Commenting on ‘Take Me Somewhere Nice’ (2019) by Ena Sendijarević, David Walsh noted that many youth today are ‘in-between’ – disillusioned with the present and yet to find an alternative. His remark applies equally to Dewapriya. ‘Bahuchithawadiya’ captures uncertainty but not its source, nor its revolutionary potential.

Dewapriya is not without talent. His previous work in radio drama shows artistic promise. He has an eye for composition and a sensitivity to urban lives. But his current limitations reflect a narrow social perspective.

A work of art does not need to be optimistic – but it must be truthful. An artist should not only cognise life, but should attempt to partially lift the veil of future, when he is dissatisfied with today’s reality. He has to see it through the prism of an ideal ‘tomorrow’ and ‘show man in his ideal’. As A.K. Voronsky wrote, the best art “yearns for man drawn up to his full height.” 

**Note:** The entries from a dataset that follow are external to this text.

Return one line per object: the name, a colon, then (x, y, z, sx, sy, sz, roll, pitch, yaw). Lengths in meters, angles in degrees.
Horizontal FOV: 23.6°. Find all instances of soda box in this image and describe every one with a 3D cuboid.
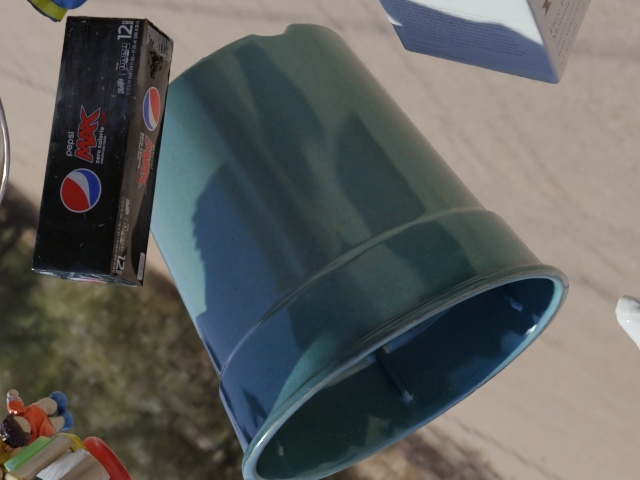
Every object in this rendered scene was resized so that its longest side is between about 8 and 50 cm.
soda box: (-0.139, -0.057, 0.986, 0.060, 0.168, 0.053, 5, 172, 18)

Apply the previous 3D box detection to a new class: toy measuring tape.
toy measuring tape: (-0.201, 0.226, 1.290, 0.121, 0.121, 0.330, 45, 163, -10)

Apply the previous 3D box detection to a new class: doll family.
doll family: (-0.333, 0.310, 1.809, 0.263, 0.118, 0.163, 59, -164, 3)

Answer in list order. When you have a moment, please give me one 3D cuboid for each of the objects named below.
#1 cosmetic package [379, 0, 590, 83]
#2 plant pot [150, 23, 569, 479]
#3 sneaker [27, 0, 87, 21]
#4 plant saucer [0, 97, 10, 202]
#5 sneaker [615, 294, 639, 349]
cosmetic package: (0.138, -0.247, 1.261, 0.151, 0.151, 0.183, 17, 165, 24)
plant pot: (0.000, 0.000, 1.433, 0.334, 0.341, 0.341, 58, 177, 21)
sneaker: (-0.194, -0.249, 1.128, 0.069, 0.082, 0.209, 33, -156, -43)
plant saucer: (-0.351, -0.107, 1.033, 0.311, 0.050, 0.310, 7, 133, 8)
sneaker: (0.333, 0.129, 1.355, 0.212, 0.094, 0.080, 36, 168, -23)
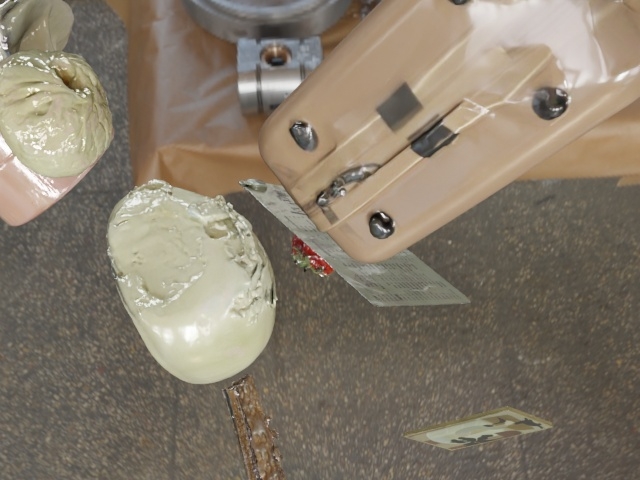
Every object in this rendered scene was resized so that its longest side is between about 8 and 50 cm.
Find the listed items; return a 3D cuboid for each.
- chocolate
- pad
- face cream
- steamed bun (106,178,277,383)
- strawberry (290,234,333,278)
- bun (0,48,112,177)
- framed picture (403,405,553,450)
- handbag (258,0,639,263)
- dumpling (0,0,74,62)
[{"bbox_3d":[-0.120,0.426,1.612,0.065,0.102,0.330,-16,89,30],"label":"chocolate"},{"bbox_3d":[0.036,-0.003,0.937,0.159,0.009,0.265,3,29,-43],"label":"pad"},{"bbox_3d":[-0.298,-0.101,0.841,0.149,0.104,0.149,-31,28,19],"label":"face cream"},{"bbox_3d":[-0.196,0.066,1.402,0.232,0.312,0.334,-24,70,-1],"label":"steamed bun"},{"bbox_3d":[0.000,0.005,1.920,0.131,0.131,0.148,26,58,14],"label":"strawberry"},{"bbox_3d":[-0.213,-0.109,0.682,0.069,0.115,0.115,-26,58,29],"label":"bun"},{"bbox_3d":[0.255,0.308,1.349,0.200,0.136,0.010,-25,55,36],"label":"framed picture"},{"bbox_3d":[0.122,-0.140,0.600,0.149,0.302,0.283,46,44,-5],"label":"handbag"},{"bbox_3d":[-0.359,-0.203,0.996,0.142,0.247,0.173,37,44,-7],"label":"dumpling"}]
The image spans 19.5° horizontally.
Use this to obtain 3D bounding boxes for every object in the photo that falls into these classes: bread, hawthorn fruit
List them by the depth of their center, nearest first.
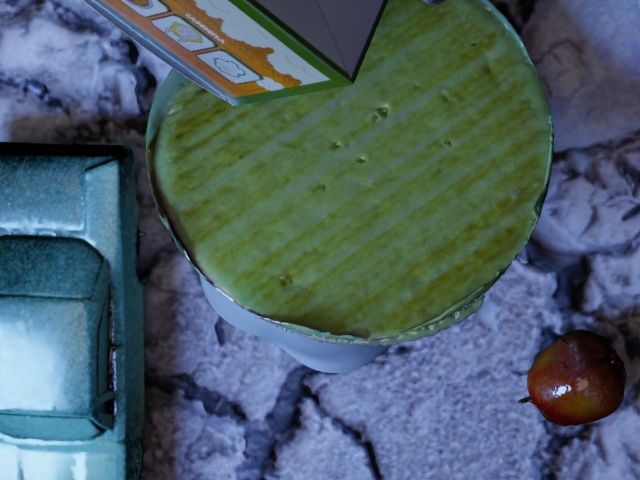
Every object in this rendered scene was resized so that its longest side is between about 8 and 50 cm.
[{"bbox_3d":[0.027,-0.068,1.344,0.301,0.045,0.301,0,75,1],"label":"bread"},{"bbox_3d":[0.194,0.107,1.407,0.077,0.077,0.077,2,104,9],"label":"hawthorn fruit"}]

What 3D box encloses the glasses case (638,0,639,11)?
[{"bbox_3d":[0.274,-0.240,1.253,0.131,0.070,0.313,-18,114,-11],"label":"glasses case"}]

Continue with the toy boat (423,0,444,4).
[{"bbox_3d":[0.077,-0.238,1.355,0.096,0.034,0.122,-32,77,-18],"label":"toy boat"}]

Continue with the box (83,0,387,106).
[{"bbox_3d":[-0.048,-0.222,1.258,0.177,0.148,0.195,34,67,-31],"label":"box"}]

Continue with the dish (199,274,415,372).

‘Bahuchithawadiya’ turns away from the real struggles of our time and offers a cold, cynical image of youth in crisis.

In the end, the film is not truly about youth, but about a social layer’s inability to comprehend youth – or to see in them not just despair, but the possibility of renewal.

(The writer is an Attorney-at-Law, a political activist, and a regular contributor to thesocialist.lk)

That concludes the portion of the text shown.